Personal information
- Full name: Emily Margaret Colton
- Date of birth: June 23, 2003 (age 23)
- Place of birth: Carlsbad, California, U.S.
- Height: 5 ft 3 in (1.60 m)
- Position: Midfielder

Team information
- Current team: DC Power FC
- Number: 5

College career
- Years: Team / Apps / (Gls)
- 2021–2023: North Carolina Tar Heels / 67 / (10)
- 2024: Wake Forest Demon Deacons / 24 / (7)

Senior career*
- Years: Team / Apps / (Gls)
- 2025–: DC Power FC / 38 / (1)

International career
- 2019: United States U-17 / 1 / (0)
- 2022: United States U-20 / 9 / (3)

= Emily Colton =

American soccer player (born 2003)

Emily Margaret Colton (born June 23, 2003) is an American professional soccer player who plays as a midfielder for USL Super League team DC Power FC. She played college soccer for the North Carolina Tar Heels and the Wake Forest Demon Deacons, helping both teams to national title game appearances.

==Early life==

Colton grew up in Carlsbad, California, the daughter of Jeffery and Debra Colton, and has two sisters. She and her twin sister, Abbie, began playing soccer when they were five years old. Colton played club soccer for City SC in San Diego for twelve years before moving to LA Galaxy San Diego. She attended La Costa Canyon High School, where she played basketball. Coming out of high school, she was ranked by IMG Academy as the fifth-best player of the 2021 class.

==College career==
===North Carolina Tar Heels===
Colton played three seasons for the North Carolina Tar Heels and started all 67 games for the team, scoring 10 goals and providing 8 assists. In her freshman season in 2021, she led the Tar Heels in scoring with 7 goals in 18 games and named to the TopDrawerSoccer Freshman Best XI second team. In her sophomore season in 2022, she helped North Carolina to the finals of both the ACC tournament and the NCAA tournament. In the national title game, she assisted Avery Patterson's second goal in a loss to UCLA. Her junior season in 2023 ended in the quarterfinals of the NCAA tournament.

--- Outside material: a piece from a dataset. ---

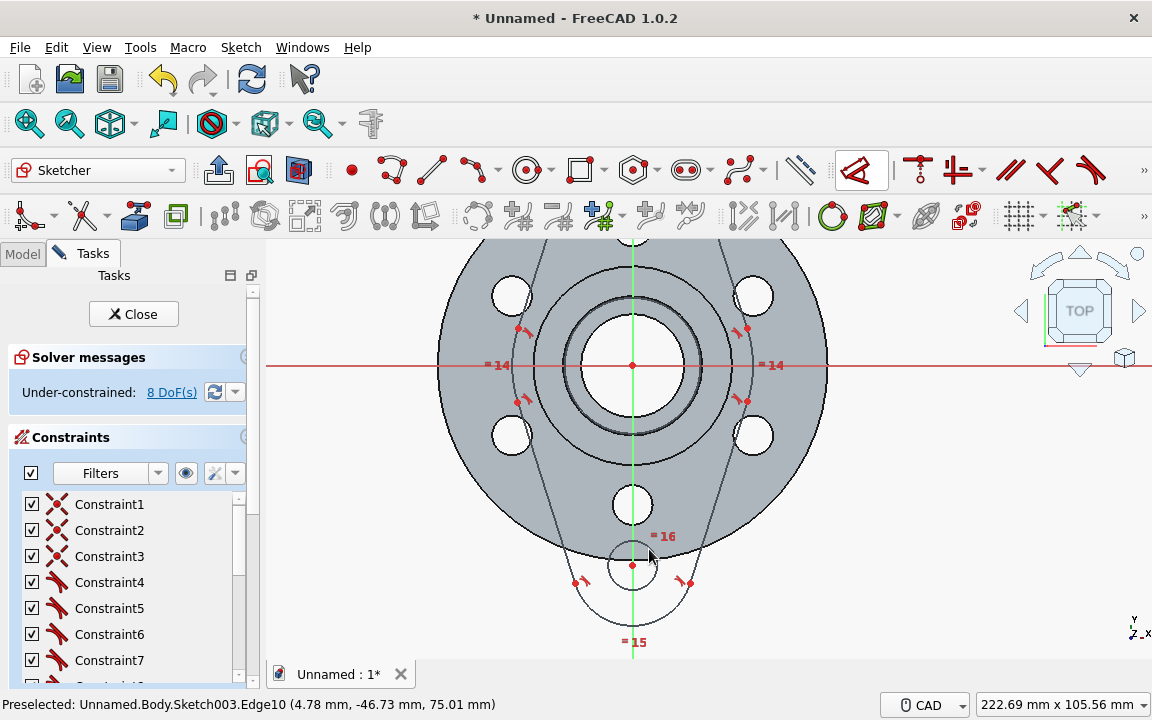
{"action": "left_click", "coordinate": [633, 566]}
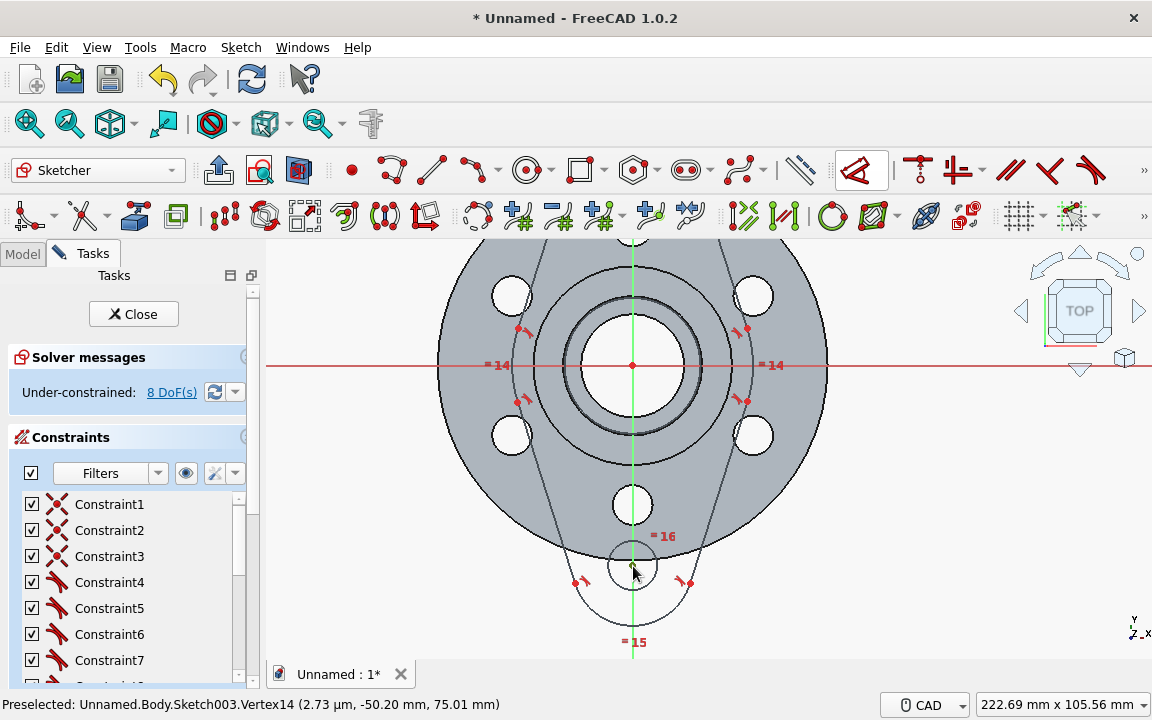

===Wake Forest Demon Deacons===
Colton transferred to the Wake Forest Demon Deacons for her fourth and final season in 2024, joining her sister Abbie. She started all 24 games and scored 7 goals with 7 assists—both marks tied with or behind only Caiya Hanks and Emily Murphy. Her assist against No. 2–ranked Virginia and her lone goal against No. 1 Stanford made Wake Forest the first team to defeat the top two ranked teams consecutively. She also helped defeat defending national champions Florida State 4–1, ending their 32–game unbeaten streak. She ranked second in the nation in TopDrawerSoccer midseason player rankings. In the NCAA tournament, she helped lead Wake Forest to its first national title game in program history, beating Stanford 1–0 in the semifinals before losing 1–0 to her former team North Carolina in the final. She was named second-team All-ACC, third-team United Soccer Coaches All-American, and second-team TopDrawerSoccer All-American at the end of the season.

==Club career==
USL Super League club DC Power FC announced on January 31, 2025, that the club had signed Colton to her first professional contract on a two-year deal. She made her professional debut on February 23, starting and playing the full 90 minutes in a 3–3 draw with the Carolina Ascent. She recorded her first professional assist on April 26, setting up Gianna Gourley in a 1–0 win against Brooklyn FC.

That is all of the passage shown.